Evaluate the Trained Agent#

Run one deterministic episode with the learned policy and record the trajectory alongside the baseline.

obs, _ = env.reset(seed=42)
ag_t = [float(env.ss.dae.t)]
ag_omega = [obs[0]]
ag_actions = []
ag_reward = 0.0

while True:
    action, _ = model.predict(obs, deterministic=True)
    obs, r, term, trunc, info = env.step(action)
    ag_t.append(info["t"])
    ag_omega.append(obs[0])
    ag_actions.append(action[0])
    ag_reward += r
    if term or trunc:
        break

ag_t = np.array(ag_t)
ag_omega = np.array(ag_omega)
ag_actions = np.array(ag_actions)

print(f"Agent total reward:    {ag_reward:.2f}")
print(f"Baseline total reward: {bl_reward:.2f}")
print(f"Improvement:           {ag_reward - bl_reward:+.2f} "
      f"({(ag_reward - bl_reward) / abs(bl_reward) * 100:+.0f}%)")
Agent total reward:    -1.95
Baseline total reward: -3.67
Improvement:           +1.71 (+47%)

Results#

Hide code cell source

fig, axes = plt.subplots(3, 1, figsize=(8, 7), sharex=False)

# (a) Training curve
ax = axes[0]
ax.plot(callback.ep_rewards, linewidth=0.5, alpha=0.4, label="per episode")
win = min(20, len(callback.ep_rewards))
if win > 1:
    rolling = np.convolve(callback.ep_rewards,
                          np.ones(win) / win, mode="valid")
    ax.plot(np.arange(win - 1, len(callback.ep_rewards)), rolling,
            linewidth=1.5, label=f"{win}-episode rolling mean")
ax.set_ylabel("Episode reward")
ax.set_title("Training progress")
ax.legend()
ax.grid(True, alpha=0.3)

# (b) Frequency: baseline vs agent
ax = axes[1]
ax.plot(bl_t, bl_omega * FREQ_NOM, "--", label="Baseline (no control)",
        linewidth=1.5, alpha=0.7)
ax.plot(ag_t, ag_omega * FREQ_NOM, "-", label="PPO agent",
        linewidth=1.5)
ax.axhline(FREQ_NOM, color="k", linestyle=":", alpha=0.4)
ax.set_ylabel("Frequency (Hz)")
ax.set_title("Generator frequency — baseline vs.
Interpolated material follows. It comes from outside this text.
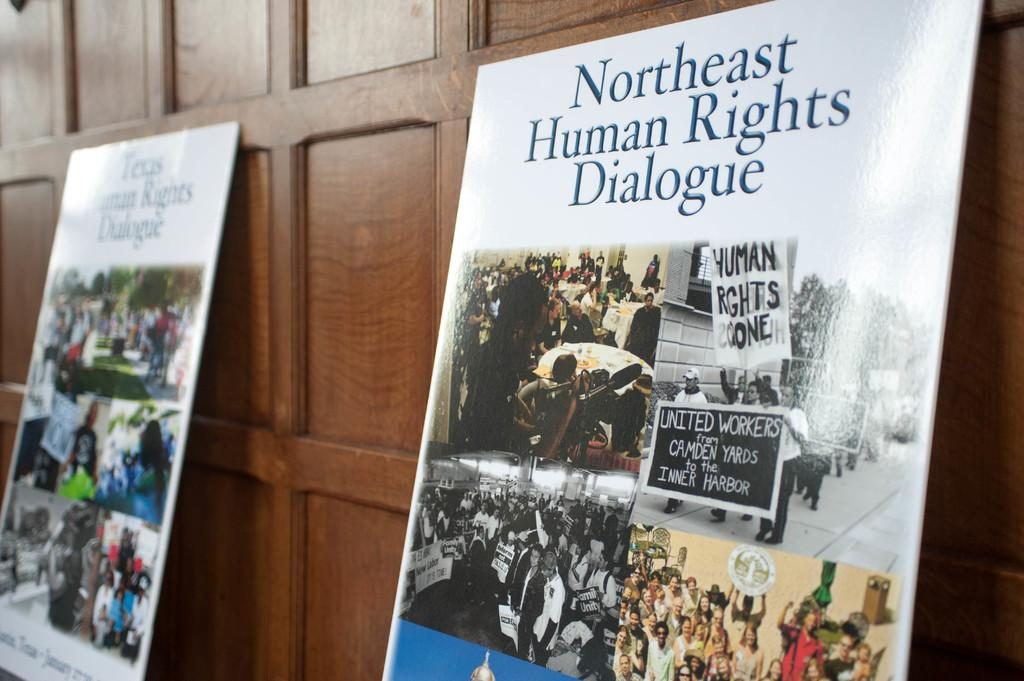<image>
Present a compact description of the photo's key features. A poster for the Northeast Human Rights Dialogue with pictures of protests and meetings leans against a wall.

RL agent")
ax.legend()
ax.grid(True, alpha=0.3)

# (c) Agent actions
ax = axes[2]
ax.step(ag_t[1:], ag_actions, where="post", linewidth=1.0, color="C2")
ax.axhline(0, color="k", linestyle=":", alpha=0.4)
ax.set_ylabel("$p_{aux}$ (pu)")
ax.set_xlabel("Time (s)")
ax.set_title("Agent control action")
ax.grid(True, alpha=0.3)

fig.tight_layout()
plt.show()
../_images/25a77eb4208d251605c729e3431d705a4d645d239a90be5dca3b433351a0b88c.png

Extend This Example#

  • Increase training: 20 000 steps is a minimal run; 100 000+ steps with hyperparameter tuning will yield a stronger policy.
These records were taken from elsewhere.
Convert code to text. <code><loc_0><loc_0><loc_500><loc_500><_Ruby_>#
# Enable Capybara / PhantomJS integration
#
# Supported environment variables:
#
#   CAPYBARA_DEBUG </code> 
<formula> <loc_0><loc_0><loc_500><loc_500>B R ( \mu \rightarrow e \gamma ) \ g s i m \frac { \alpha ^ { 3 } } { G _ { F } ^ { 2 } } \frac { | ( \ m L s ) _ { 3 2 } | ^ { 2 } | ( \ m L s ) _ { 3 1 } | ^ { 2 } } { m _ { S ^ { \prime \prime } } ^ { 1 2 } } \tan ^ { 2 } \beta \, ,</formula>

  • Richer observation: add terminal voltage \(V_t\) or electrical power \(P_e\) to give the agent more information about the system state.

  • Multi-machine systems: replace the SMIB with the IEEE 14-bus or 39-bus system to learn coordinated damping across multiple generators.

  • Compare with classical PSS: add an IEEEST stabiliser and overlay its response to see whether RL matches classical control design.